De Becho jusqu’aux lacs de Koruldi

Toujours au départ de Becho. Prendre la direction des lacs de Koruldi en empruntant le col de Guli. Il faut compter près de quatre heures de montée et 1350 mètres de dénivelle positif, avec quelques passages à plus de 25 %. Le col situé à 2954 mètres d’altitude au pied du mont Ouchba offre un panorama à 360 degrés exceptionnel. De là, longue descente, puis sentier en balcon dans les prairies fleuries avant une nouvelle ascension jusqu’aux lacs de Koruldi. De là, des voitures permettent de redescendre jusqu’à Mestia. (18 km, 1705 m de dénivelle positif.)
Trois jours d’itinérance de village en village
Au départ du village de Tsaldashi, il faut monter au col d’Ughviri à 2480 m d’altitude, en traversant une forêt de bouleaux. Le sentier plonge ensuite entre forêts et prairies jusqu’au village fortifié d’Adishi, situé à 2100 m d’altitude (10 km 892 m de dénivelé positif). Quelques familles vivent encore ici à l’année et il existe de nombreuses guesthouse pour passer la nuit. Le lendemain, on remonte la vallée en suivant le torrent dominé par le mont Tetnuldi. A hauteur du glacier d’Adishi, Il fait passer le torrent à cheval. C’est la seule solution. Des villageois sont postés la toute la journée pour faire traverser les randonneurs. Ensuite, longue montée jusqu’au col de Chkhutnieri à 2721 mètres d’altitude, avant de redescendre dans les alpages et le long des gorges jusqu’au village d’Iprari ou une seule famille vit ici toute l’année. (18, 5 km, 727 m de dénivelé positif). Le 3ème jour, descente jusqu’au village de Davberi, puis le sentier traverse une jolie forêt avant de rejoindre Ouchgouli, l’un des villages les plus hauts d’Europe, réputés pour ses tours défensives classées au patrimoine de l’Unesco. (15 km, 765 m de dénivelé positif).
Ouchgouli, un carrefour de sentiers
Depuis Ouchgouli, nombreuses randos sont possible à la journée, notamment la montée jusqu’au glacier du mont Chkhara (19 km, 550 m de dénivelé positif), mais aussi l’ascension du mont Guri (2970 m) au départ du hameau de Chazhashi. Le sommet offre l’une des plus belles vues du secteur sur le mont Chkhara et le pic Tetnouldi (12 km 1030 m de dénivelé positif). Retour par le même chemin avec possibilité de faire une boucle par l’ancienne résidence d’été de la reine Tamar.
Coup de cœur
Tbilissi, en lettres capitales

On s’attend à une architecture soviétique ou prime l’utilitaire sur l’esthétisme.

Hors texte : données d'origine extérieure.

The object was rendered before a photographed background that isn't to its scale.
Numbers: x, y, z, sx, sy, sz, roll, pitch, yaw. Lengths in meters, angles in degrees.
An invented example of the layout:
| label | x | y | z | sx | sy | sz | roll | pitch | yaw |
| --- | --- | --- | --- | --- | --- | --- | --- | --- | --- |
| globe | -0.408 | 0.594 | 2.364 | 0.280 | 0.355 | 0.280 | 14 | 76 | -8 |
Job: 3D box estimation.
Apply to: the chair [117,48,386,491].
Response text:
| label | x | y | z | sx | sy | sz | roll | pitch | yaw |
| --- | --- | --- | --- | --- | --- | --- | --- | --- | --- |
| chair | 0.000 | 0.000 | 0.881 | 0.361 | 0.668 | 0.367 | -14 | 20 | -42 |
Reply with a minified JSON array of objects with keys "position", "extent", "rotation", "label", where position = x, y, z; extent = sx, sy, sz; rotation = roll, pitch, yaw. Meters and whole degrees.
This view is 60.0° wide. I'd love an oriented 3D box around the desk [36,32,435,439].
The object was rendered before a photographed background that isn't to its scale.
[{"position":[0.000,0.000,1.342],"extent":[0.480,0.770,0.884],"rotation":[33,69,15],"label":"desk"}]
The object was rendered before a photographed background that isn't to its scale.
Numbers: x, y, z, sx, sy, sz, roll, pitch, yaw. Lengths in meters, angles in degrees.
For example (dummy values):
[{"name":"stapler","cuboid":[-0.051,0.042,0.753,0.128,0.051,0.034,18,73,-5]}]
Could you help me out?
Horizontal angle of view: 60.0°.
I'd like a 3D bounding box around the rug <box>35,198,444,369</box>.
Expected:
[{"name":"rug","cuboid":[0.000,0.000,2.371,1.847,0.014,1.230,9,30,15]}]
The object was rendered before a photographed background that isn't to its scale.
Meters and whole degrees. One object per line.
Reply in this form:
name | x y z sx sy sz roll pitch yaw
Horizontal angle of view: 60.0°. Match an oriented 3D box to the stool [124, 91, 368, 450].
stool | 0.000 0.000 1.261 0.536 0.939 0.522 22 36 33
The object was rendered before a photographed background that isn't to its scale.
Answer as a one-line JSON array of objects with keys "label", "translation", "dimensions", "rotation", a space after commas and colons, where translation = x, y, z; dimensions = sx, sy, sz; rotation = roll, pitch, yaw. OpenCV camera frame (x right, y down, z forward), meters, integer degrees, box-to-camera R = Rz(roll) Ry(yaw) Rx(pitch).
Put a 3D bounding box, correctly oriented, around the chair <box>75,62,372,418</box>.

On découvre au contraire une ville agréable entre tradition et modernité, arborée, vivante, à l’histoire multiculturelle. La vieille ville magnifiquement restaurée se décline en places ombragées, en ruelles étroites et tortueuses qui abritent des échoppes de toute sortes et de veilles églises en pierre, d’influence persanes, ottomanes et russes. Il faut rallier la forteresse de Narikala en téléphérique (départ depuis le parc Rike) et prendre de la hauteur pour prendre toute la mesure de la capitale géorgienne. A voir également la cathédrale Sioni, érigée au VIème siècle qui abrite la croix de sainte Nino ou encore la tour de l’horloge bâtie par le maitre marionnettiste Gabriadze, contestataire subtil de l’occupation russe.
La capitale géorgienne, vieille de 15 siècles, abrite aussi deux musées digne d’intérêt, le musée d’art moderne et le musée national qui expose une multitude d’objets en or et en pierres précieuses provenant de tombes du IIIème siècle avant JC et notamment des parures du royaume de Colchide. Le soir, prenez le temps de flâner sur la Roustavéli gamziri, l’artère principale de Tbilissi qui est jalonnée de jolies édifices (académie des sciences, parlement, théâtre Roustavéli, opéra ballet….
Ne manquez pas de vous baigner dans les eaux sulfureuses des bains traditionnels qui ont émerveillé Alexandre Dumas. Ils sont tous installés dans la rue Grichachvili et le vendredi ou le samedi soir, prenez le temps de passer du côté de la place Meidan, il y a quelques fois des concerts improvisés et des jeunes qui s’époumonent sur des danses traditionnelles endiablées.